## Exercise directions
When you repeat the listing below, keep every word exactly and leave out each picture.

[Opening Supplied material section]

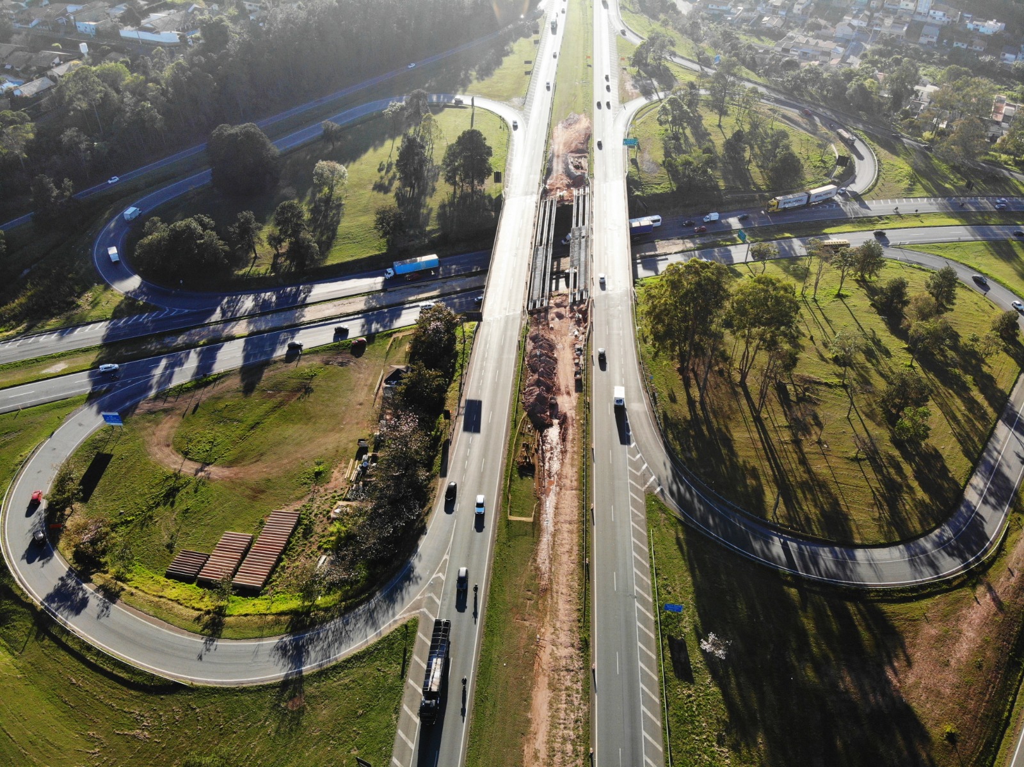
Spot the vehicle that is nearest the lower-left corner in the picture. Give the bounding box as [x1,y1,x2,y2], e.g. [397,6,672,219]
[30,527,46,545]
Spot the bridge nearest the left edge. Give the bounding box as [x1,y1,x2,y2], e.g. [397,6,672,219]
[477,189,541,320]
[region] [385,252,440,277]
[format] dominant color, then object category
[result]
blue truck
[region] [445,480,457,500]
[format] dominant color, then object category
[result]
black vehicle
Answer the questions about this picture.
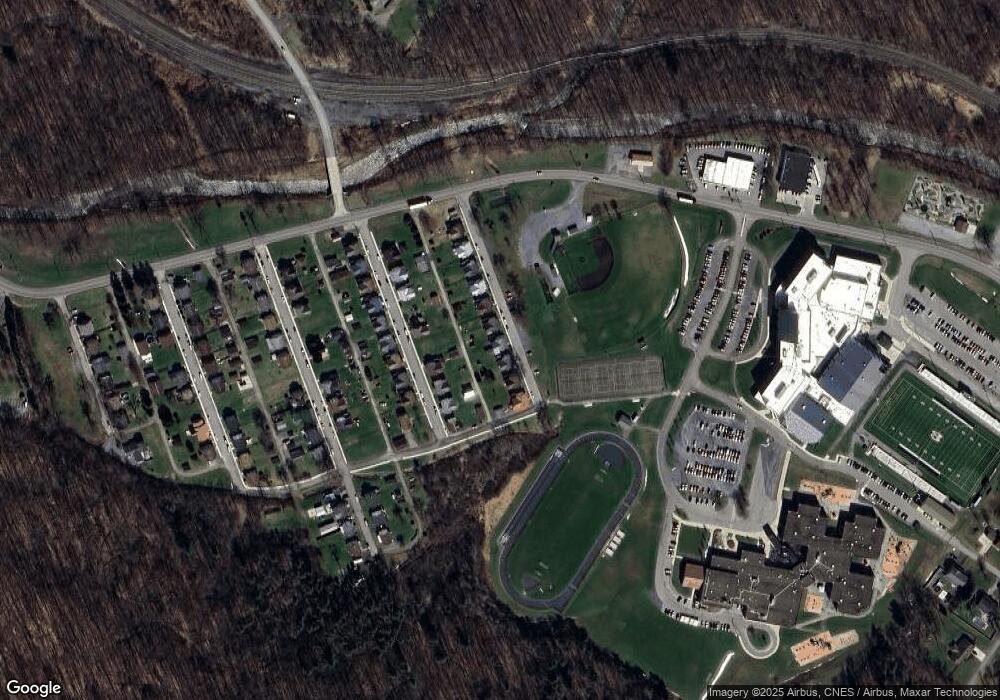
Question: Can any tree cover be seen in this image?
Yes
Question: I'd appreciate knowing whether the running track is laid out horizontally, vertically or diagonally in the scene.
diagonally
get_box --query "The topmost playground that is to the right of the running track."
[800,481,857,503]
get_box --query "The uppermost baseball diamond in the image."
[554,226,632,303]
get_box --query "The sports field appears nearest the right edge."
[858,364,1000,513]
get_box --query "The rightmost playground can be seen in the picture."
[883,537,913,579]
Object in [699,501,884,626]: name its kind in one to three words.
building
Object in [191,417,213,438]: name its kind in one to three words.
house
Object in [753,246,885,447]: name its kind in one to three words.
building
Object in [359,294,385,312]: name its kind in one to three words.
house
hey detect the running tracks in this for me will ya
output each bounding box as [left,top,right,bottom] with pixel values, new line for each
[494,429,642,615]
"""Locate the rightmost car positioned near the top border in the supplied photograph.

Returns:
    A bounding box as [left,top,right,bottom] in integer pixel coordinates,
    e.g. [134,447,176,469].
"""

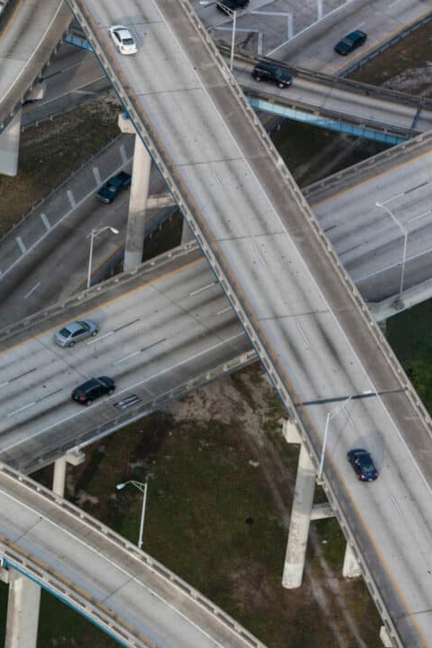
[334,31,367,53]
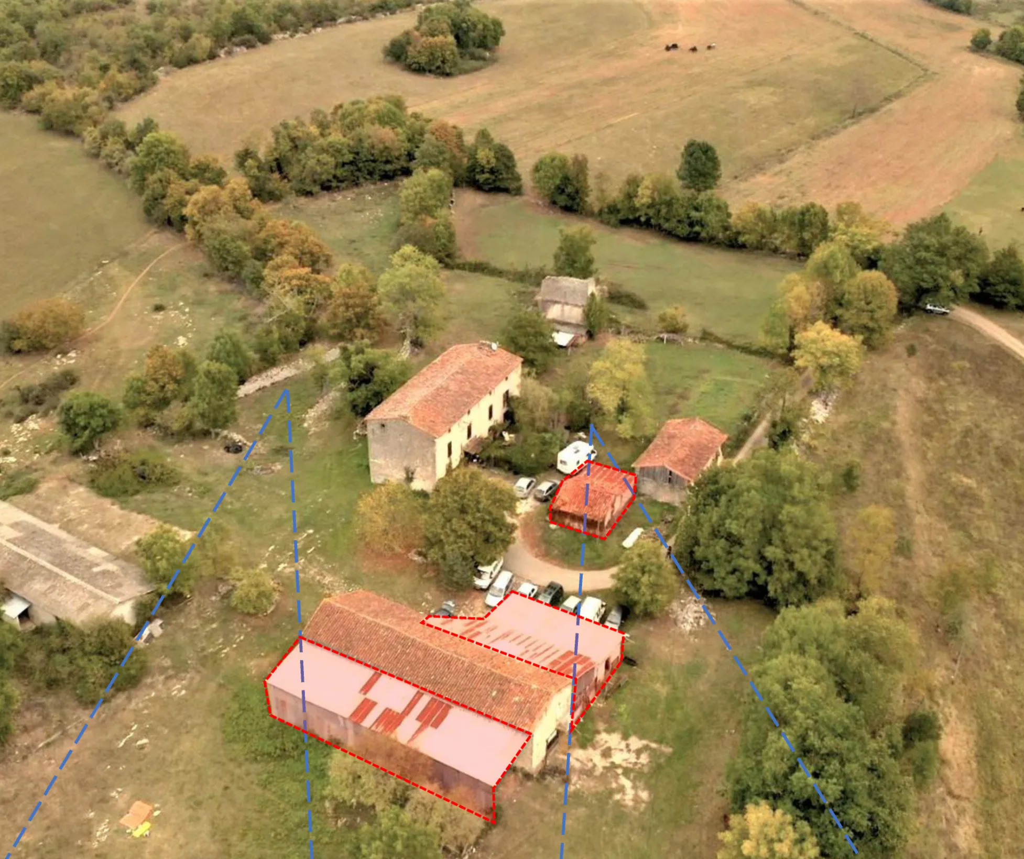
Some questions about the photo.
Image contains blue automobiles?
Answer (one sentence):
No, the picture doesn't show any blue automobile.
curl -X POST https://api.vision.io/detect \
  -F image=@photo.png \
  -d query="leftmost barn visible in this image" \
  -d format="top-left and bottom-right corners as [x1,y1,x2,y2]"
[0,503,159,631]
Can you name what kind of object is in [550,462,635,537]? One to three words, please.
shed

[Closing Supplied material section]

## Answer to this exercise
Spot the vehicle that is nearest the lower-left corner in the picture. Give the bounding box as [x1,y1,x2,y2], e.g. [397,6,672,219]
[30,527,46,545]
Spot the bridge nearest the left edge. Give the bounding box as [x1,y1,x2,y2], e.g. [397,6,672,219]
[477,189,541,320]
[region] [385,252,440,277]
[format] dominant color, then object category
[result]
blue truck
[region] [445,480,457,500]
[format] dominant color, then object category
[result]
black vehicle
Answer the questions about this picture.
Question: Can any tree cover be seen in this image?
Yes
Question: I'd appreciate knowing whether the running track is laid out horizontally, vertically or diagonally in the scene.
diagonally
get_box --query "The topmost playground that is to the right of the running track."
[800,481,857,503]
get_box --query "The uppermost baseball diamond in the image."
[554,226,632,303]
get_box --query "The sports field appears nearest the right edge."
[858,364,1000,513]
get_box --query "The rightmost playground can be seen in the picture."
[883,537,913,579]
Object in [699,501,884,626]: name its kind in one to three words.
building
Object in [191,417,213,438]: name its kind in one to three words.
house
Object in [753,246,885,447]: name its kind in one to three words.
building
Object in [359,294,385,312]: name its kind in one to three words.
house
hey detect the running tracks in this for me will ya
output each bounding box as [left,top,right,bottom] with pixel values, new line for each
[494,429,642,615]
"""Locate the rightmost car positioned near the top border in the supplied photograph.

Returns:
    A bounding box as [left,top,right,bottom] in integer pixel coordinates,
    e.g. [134,447,176,469].
"""

[334,31,367,53]
Some questions about the photo.
Image contains blue automobiles?
Answer (one sentence):
No, the picture doesn't show any blue automobile.
curl -X POST https://api.vision.io/detect \
  -F image=@photo.png \
  -d query="leftmost barn visible in this image" \
  -d format="top-left and bottom-right corners as [x1,y1,x2,y2]"
[0,503,159,631]
Can you name what kind of object is in [550,462,635,537]? One to three words, please.
shed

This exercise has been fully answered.